Israel's Expulsion Of Terror Kin A First
Israel expelled two Palestinians from the West Bank to the Gaza Strip on Wednesday — an unprecedented step hailed by the military as a powerful deterrent against suicide bombings and condemned by human rights groups as a violation of international law.
The pair reached the Israeli side of the Erez crossing into Gaza before noon Wednesday, and waited to be escorted through a long walkway into Palestinian-controlled territory, Palestinian security officials said.
But the deportation -- Israel's first use of the internationally condemned tactic during a Palestinian uprising -- coincided with signs of movement on the political front.
Sharon said in a newspaper interview he had agreed to hold his first high-level talks with the Palestinians in months in a bid to reopen dialogue aimed at ending nearly two years of conflict.
Intisar and Kifah Ajouri, brother and sister of a militiaman who dispatched two suicide bombers to Tel Aviv in July, were driven by Israeli troops into the Gaza Strip via backroads, to avoid journalists waiting at the main Erez crossing into the strip.
Each had been given 1,000 shekels ($212) by Israel as an "adjustment grant" for their two-year internal exile in Gaza. Relatives said the two — Kifah is a house painter and Intisar a pharmacist — would try to adjust to their new lives.
Israel's Supreme Court paved the way for the expulsions when it decided in a landmark ruling Tuesday that the military can force relatives of Palestinian terror suspects out of the West Bank, as long as it proves they pose a security threat.
The court ruled that Intisar and Kifah Ajouri helped their brother, Ali Ajouri, dispatch two suicide bombers to Tel Aviv on July 17. Four foreign workers and two Israelis were killed in the attack. The judges said Intisar sewed the bomb belts and Kifah stood watch as his brother moved explosives between hiding places. Ali Ajouri was killed in an Israeli military strike Aug. 6.
The military argued that expulsions create a powerful deterrent, while human rights groups said the court decision validates a practice that amounts to collective punishment and violates international law.
Israeli Defense Minister Binyamin Ben-Eliezer said Wednesday that the military might expel additional relatives of terror suspects.

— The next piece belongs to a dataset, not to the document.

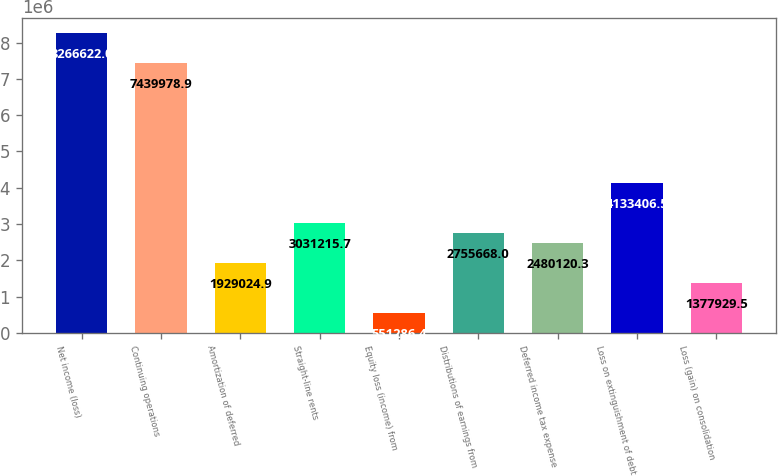Convert chart to OTSL. <chart><loc_0><loc_0><loc_500><loc_500><bar_chart><fcel>Net income (loss)<fcel>Continuing operations<fcel>Amortization of deferred<fcel>Straight-line rents<fcel>Equity loss (income) from<fcel>Distributions of earnings from<fcel>Deferred income tax expense<fcel>Loss on extinguishment of debt<fcel>Loss (gain) on consolidation<nl><fcel>8.26662e+06<fcel>7.43998e+06<fcel>1.92902e+06<fcel>3.03122e+06<fcel>551286<fcel>2.75567e+06<fcel>2.48012e+06<fcel>4.13341e+06<fcel>1.37793e+06<nl></chart> 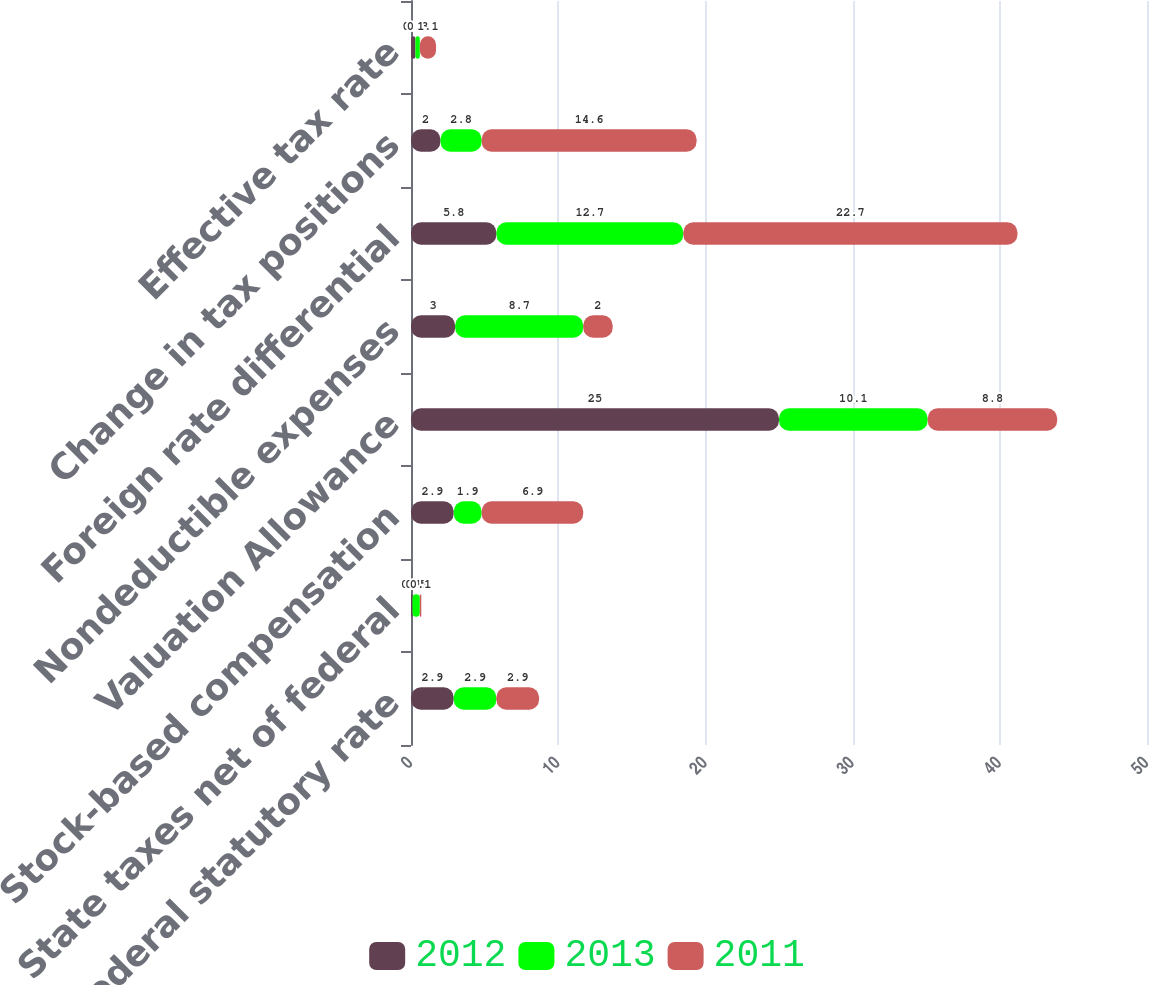<chart> <loc_0><loc_0><loc_500><loc_500><stacked_bar_chart><ecel><fcel>Tax at federal statutory rate<fcel>State taxes net of federal<fcel>Stock-based compensation<fcel>Valuation Allowance<fcel>Nondeductible expenses<fcel>Foreign rate differential<fcel>Change in tax positions<fcel>Effective tax rate<nl><fcel>2012<fcel>2.9<fcel>0.1<fcel>2.9<fcel>25<fcel>3<fcel>5.8<fcel>2<fcel>0.3<nl><fcel>2013<fcel>2.9<fcel>0.5<fcel>1.9<fcel>10.1<fcel>8.7<fcel>12.7<fcel>2.8<fcel>0.3<nl><fcel>2011<fcel>2.9<fcel>0.1<fcel>6.9<fcel>8.8<fcel>2<fcel>22.7<fcel>14.6<fcel>1.1<nl></chart>

On Wednesday morning, the Ajouris were driven in a convoy of jeeps and prison vans from two Israeli prisons to a military base in the West Bank where they bid farewell to relatives. The two were led into the backyard of the base, where soldiers removed their shackles and handcuffs.
Expulsions are one of the measures the Israeli military is trying out to stem the tide of suicide bomb attacks that has swept over Israel during two years of fighting.
Israeli military commanders say the threat of expulsion, together with the destruction of family homes of bombers, creates a deterrent. They say there have already been cases of families stopping Palestinians from carrying out attacks for fear of Israeli punishment.
Human rights lawyers say they fear the court ruling could open the door to a creeping population transfer to Gaza, which is fenced in and much easier for Israel to control. All suicide bombers in the past two years have come from West Bank, from which Palestinians can still reach Israel on backroads, despite closures.
Lawyer Leah Tzemel, who represented two of the petitioners, said the court decision might get Israel entangled with the Hague-based International Criminal Court.
Human rights lawyers said expulsion violates the Geneva Conventions, which forbid "deportations of protected persons from occupied territory to the territory of the occupying power or to that of any other country."
The London-based human rights group Amnesty International called the expulsion a violation of international norms.
"This is a war crime," Palestinian cabinet minister Saeb Erekat said, accusing Israel of invoking "the law of the jungle."
"It has replaced international legitimacy with collective punishment and systematic state terror," he said.
Hamas, the militant group behind suicide bombings that have killed scores of Israelis, vowed to retaliate against the expulsions by mounting further attacks.
Despite that, Sharon said in excerpts of an interview published on Wednesday he had agreed to meet a leading Palestinian official who had proposed a "renewal of dialogue."
A senior political source confirmed Sharon had agreed to talks with a "political leader" but had declined to identify the Palestinian or elaborate on the nature or timing of the meeting.
Since taking office in 2001, Sharon has refused to meet Palestinian President Yasser Arafat.
The move by Sharon, who had conditioned such talks on the Palestinians ending violence and implementing sweeping reforms, followed Palestinian Interior Minister Abdel Razzak al-Yahya's demands that Palestinian militants halt all attacks on Israelis.
"I agreed to meet with a top Palestinian personality," Sharon was quoted as saying.